20. The method of claim 19 in which the diluent oil is selected from the group consisting of vacuum gas oil, decant oil, cycle oil, light gas oil, and mixtures thereof.
21. The method of claim 19 in which the diluent oil is recovered from a coking unit product stream fractionator.
22. A method of treating a hydrocarbon oil feedstream to a delayed coking unit to maximize the ratio of yield of liquids-to-light gases, and to minimize formation of coke, the method characterized by:
a. mixing an oil-soluble catalyst with the hydrocarbon oil feedstream to provide a uniform mixture, wherein the oil-soluble catalyst is an organometal complex selected from the group consisting of compounds containing metals from the elements of IUPAC groups 4-12 of the Periodic Table, and combinations thereof;
b. contacting the uniform mixture with a predetermined amount of hydrogen from a source of pressurized hydrogen under predetermined conditions of temperature and pressure to saturate the feedstream with the hydrogen in a hydrogen distribution zone that is upstream of the delayed coking unit, wherein the hydrogen distribution zone comprises a mixing column or vessel having a plurality of manifolds each connected to the source of pressurized hydrogen, and wherein each of the manifolds comprise spaced-apart nozzles, jets or orifices, wherein hydrogen is discharged through the nozzles, jets or orifices, and creates zones of turbulence that promote absorption of hydrogen in the feedstream to form a single-phase hydrocarbon oil feedstream containing dissolved hydrogen and catalyst;
c. recovering from the hydrogen distribution zone a-the single-phase hydrocarbon oil feedstream containing dissolved hydrogen and catalyst;
d. maintaining the hydrocarbon oil feedstream containing dissolved hydrogen and catalyst under single-phase conditions to promote reaction of the dissolved hydrogen with free radicals formed in the feedstream and to promote catalyzed hydrodesulfurization of any sulfur-containing compounds present in the feedstream;
e. introducing the catalyst and dissolved hydrogen-containing feedstream into a coking unit furnace upstream of the coking unit to heat the feedstream to a predetermined coking temperature;
f. introducing the catalyst and dissolved hydrogen-containing feedstream that is heated to the predetermined coking temperature into the coking unit; and
g. recovering a coking unit product stream that is free of catalyst and forming a coke product that contains the catalyst.

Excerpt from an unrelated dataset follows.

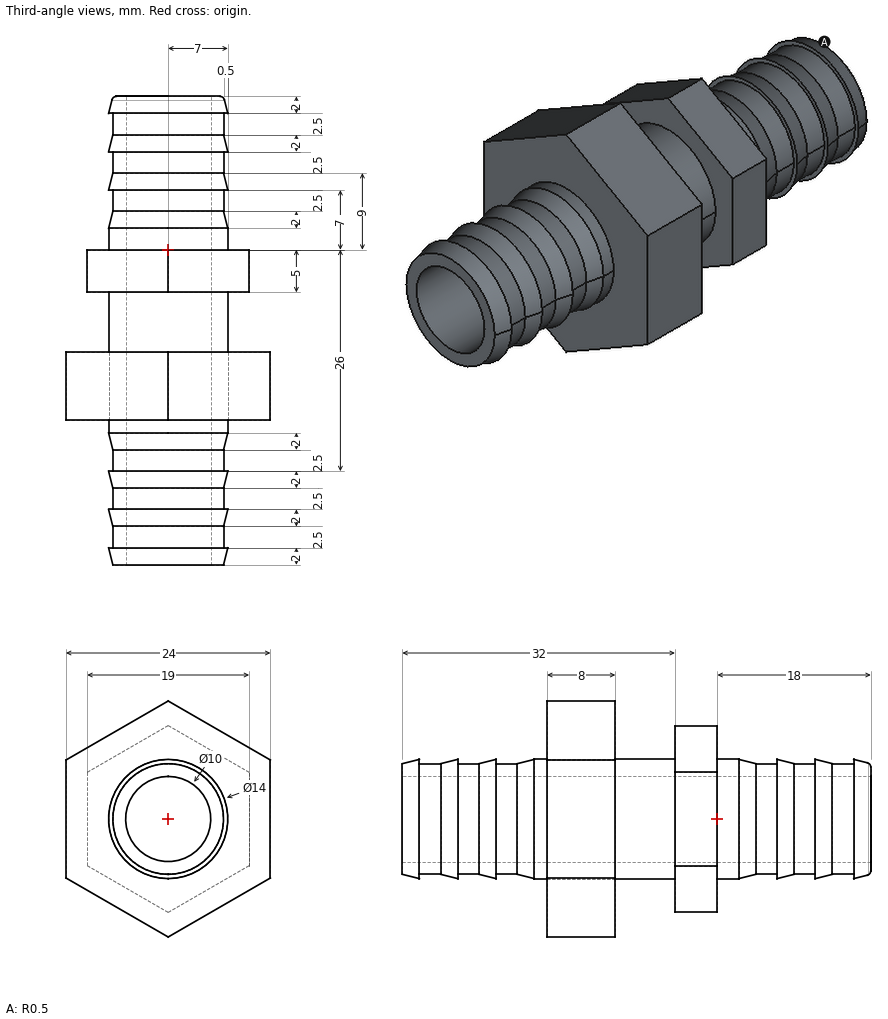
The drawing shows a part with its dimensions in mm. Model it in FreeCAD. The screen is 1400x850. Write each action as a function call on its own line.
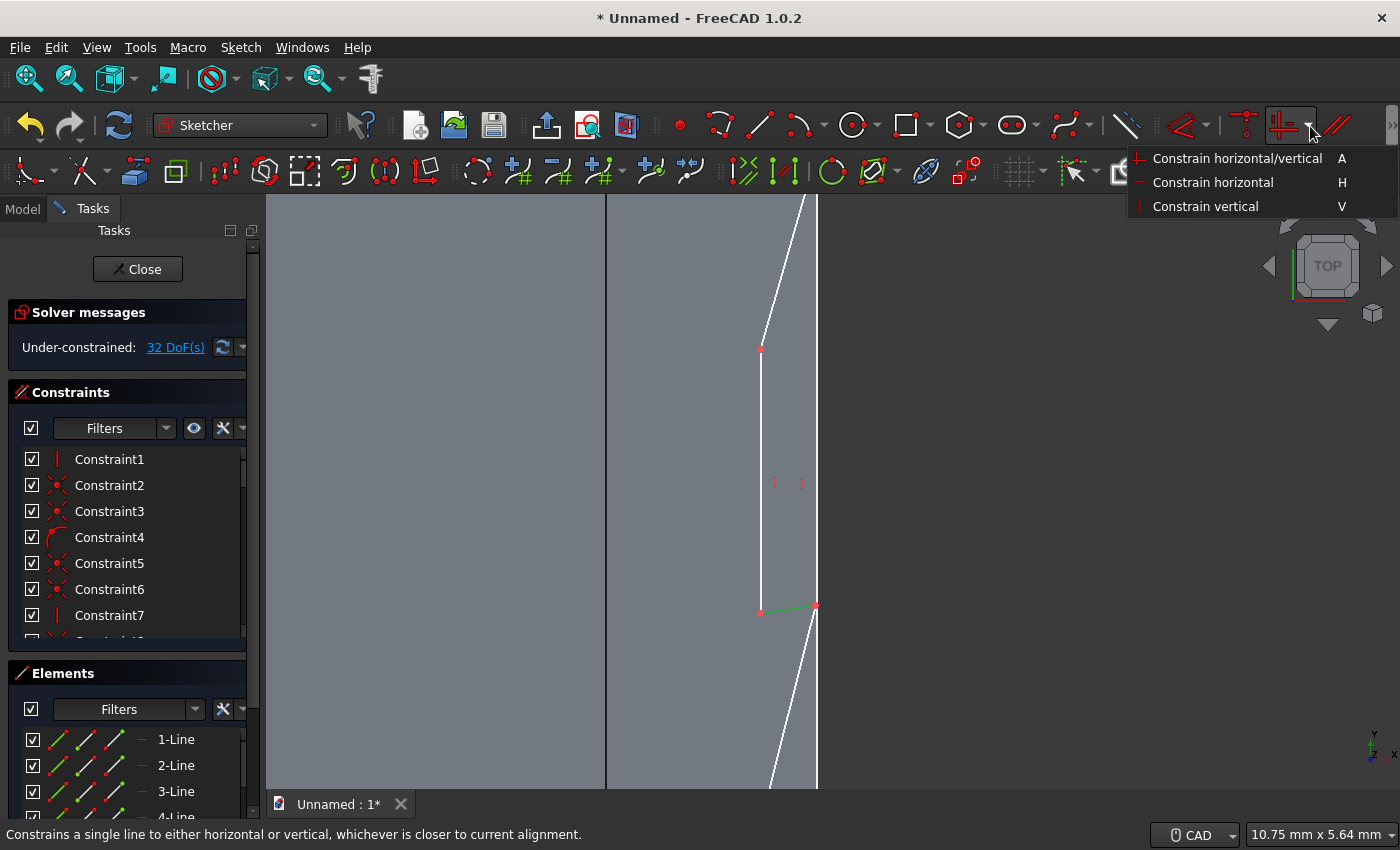
click(1263, 182)
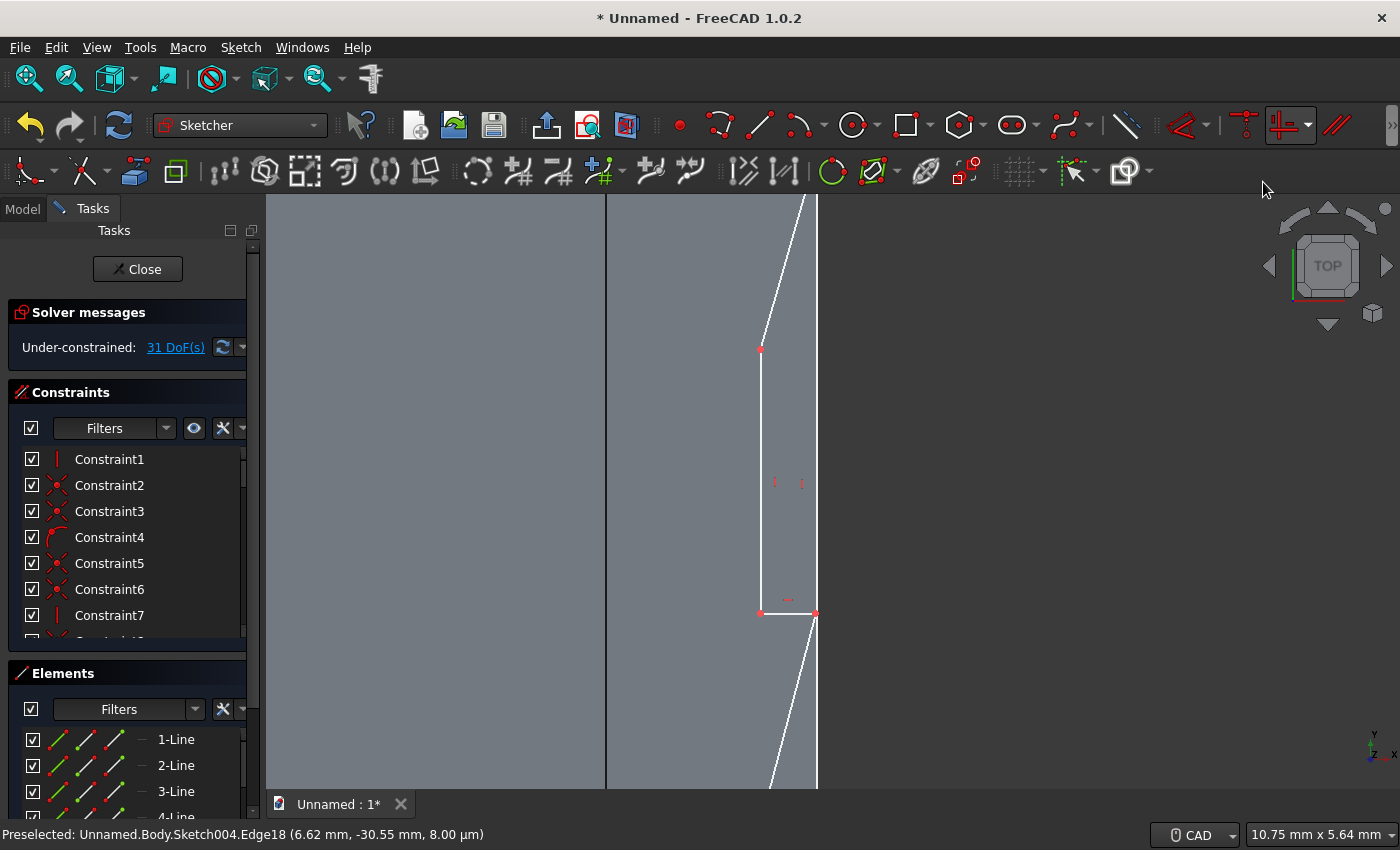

23. A method of treating a hydrocarbon oil feedstream to a delayed coking unit to maximize the ratio of yield of liquids-to-light gases, and to minimize formation of coke, the method characterized by:
a. contacting the hydrocarbon oil feedstream with an excess of hydrogen under predetermined conditions that are favorable to maximizing the solubility of the hydrogen in the feed stream in a hydrogen distribution zone that is upstream of the delayed coking unit;
b. introducing the feedstream containing the dissolved hydrogen and the excess hydrogen gas into a flashing zone;
c. recovering from the flashing zone a hydrogen gas stream and a single-phase hydrocarbon oil feedstream containing dissolved hydrogen;
d. heating the hydrocarbon oil feedstream containing dissolved hydrogen under temperature and pressure conditions to maintain a single-phase to promote reaction of the dissolved hydrogen with free radicals formed in the feedstream by thermal cracking;
e. introducing the feedstream, hydrogenated reaction products and any remaining dissolved hydrogen into a coking furnace upstream of the coking unit to heat the feedstream to a predetermined coking temperature;
f. introducing the feedstream that is heated to a predetermined coking temperature from the coking furnace into the coking unit; and
g. recovering a coking unit product stream having a reduced amount of heavy polymerized hydrocarbon molecules as compared to a feedstream not containing dissolved hydrogen.